IMHO, this is the point that many people are missing. They are answering the question as if it is should you take it at age 32 or age 40. I’m sure there are people in their 80s and living fulfilling lives and I wish them well, but that is fairly rare. I would enjoy the money when you know you can enjoy it. It is gone otherwise.

Then I apparently misunderstood this part of it.

I thought you could earn ~$25k not counting your SS income without facing a tax penalty.

But you are saying that, if a person receives $24k a year from SS, and, say, another $15k from a pension and 401k withdrawals, any part-time working money he earns is basically going to be cut in half when all is said and done?

Not doubting, just clarifying.

mmm

True but there is the case of the person who has enough saved up to last them until their early 70s without SS. They should wait so they can get more when they have run out of regular money. There isn’t one correct answer and it’s dependent on many more things than life expectancy.

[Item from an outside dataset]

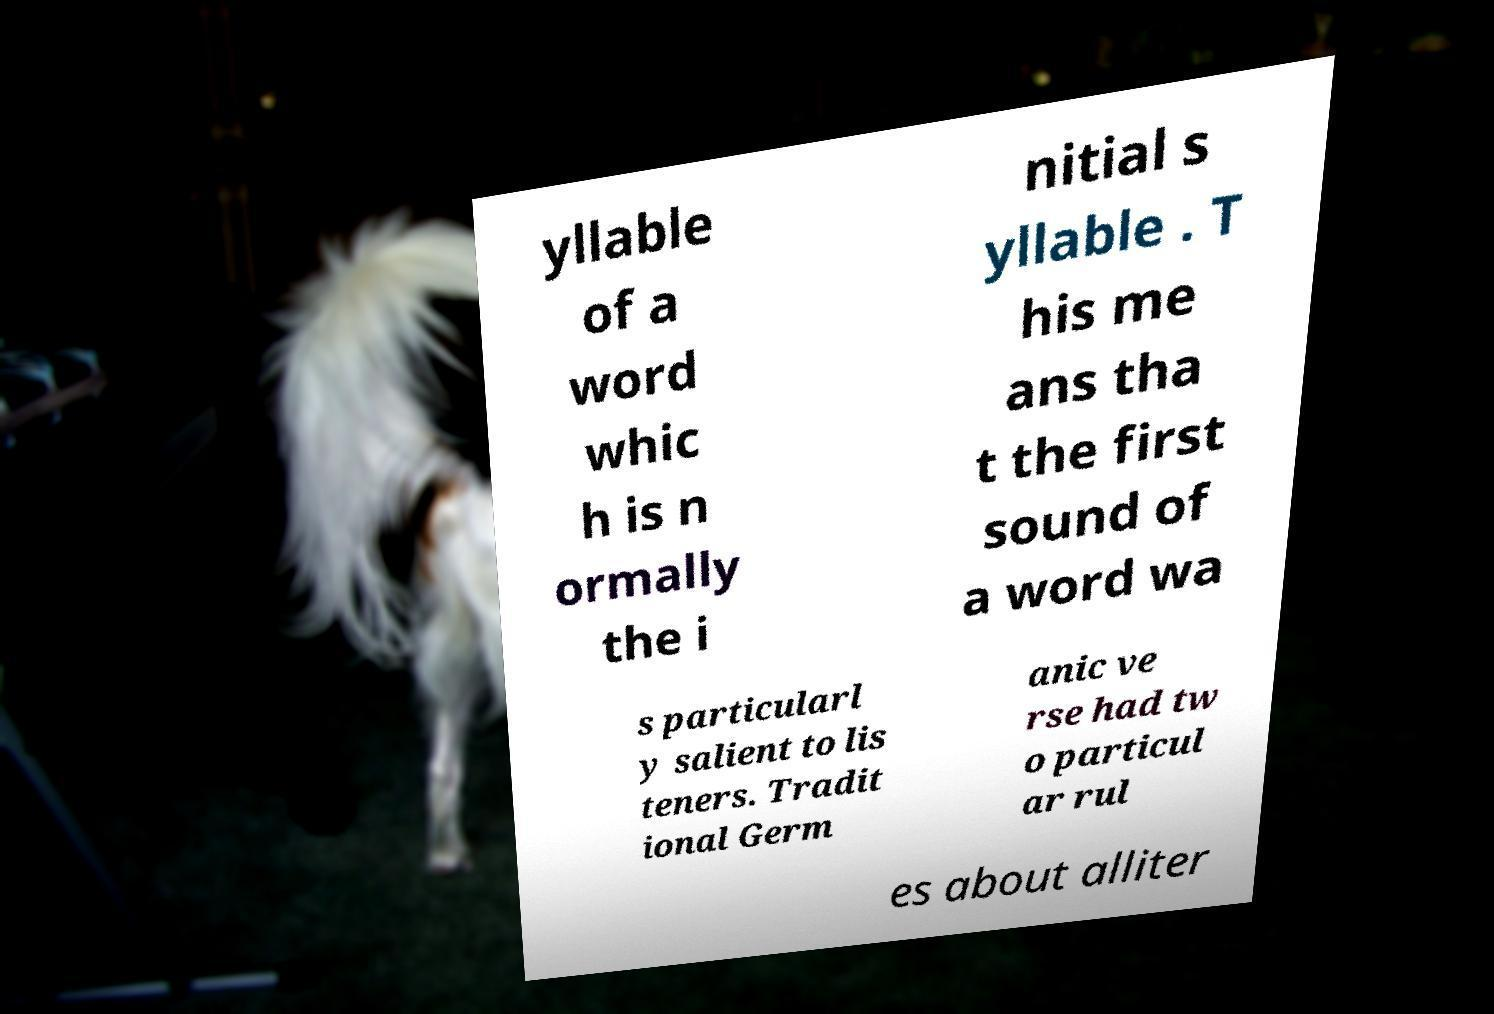I need the written content from this picture converted into text. Can you do that? yllable of a word whic h is n ormally the i nitial s yllable . T his me ans tha t the first sound of a word wa s particularl y salient to lis teners. Tradit ional Germ anic ve rse had tw o particul ar rul es about alliter

Ah, OK, I missed that it was combined income. But doesn’t that mean that - after the current full retirement age of 66, and up till the age of 70 - the amount you can earn without paying income taxes is $52k over four years?

That’s an amount that needs to be included too - it’s not a small amount of money, not in relation to the sums we’re talking about. It’s the equivalent of over ten years’ higher social security payments, based on the original 25k vs 35k.

There are two different issues. One is the benefit reduction for working where you lose $1 in benefits for every $2 you earn over $18,960 in 2021 if you are below your full retirement age. You don’t lose any benefits if you earn less than that amount, and you don’t lose any benefits if you are older than your full retirement age. There’s a different calculation for the year you reach full retirement age.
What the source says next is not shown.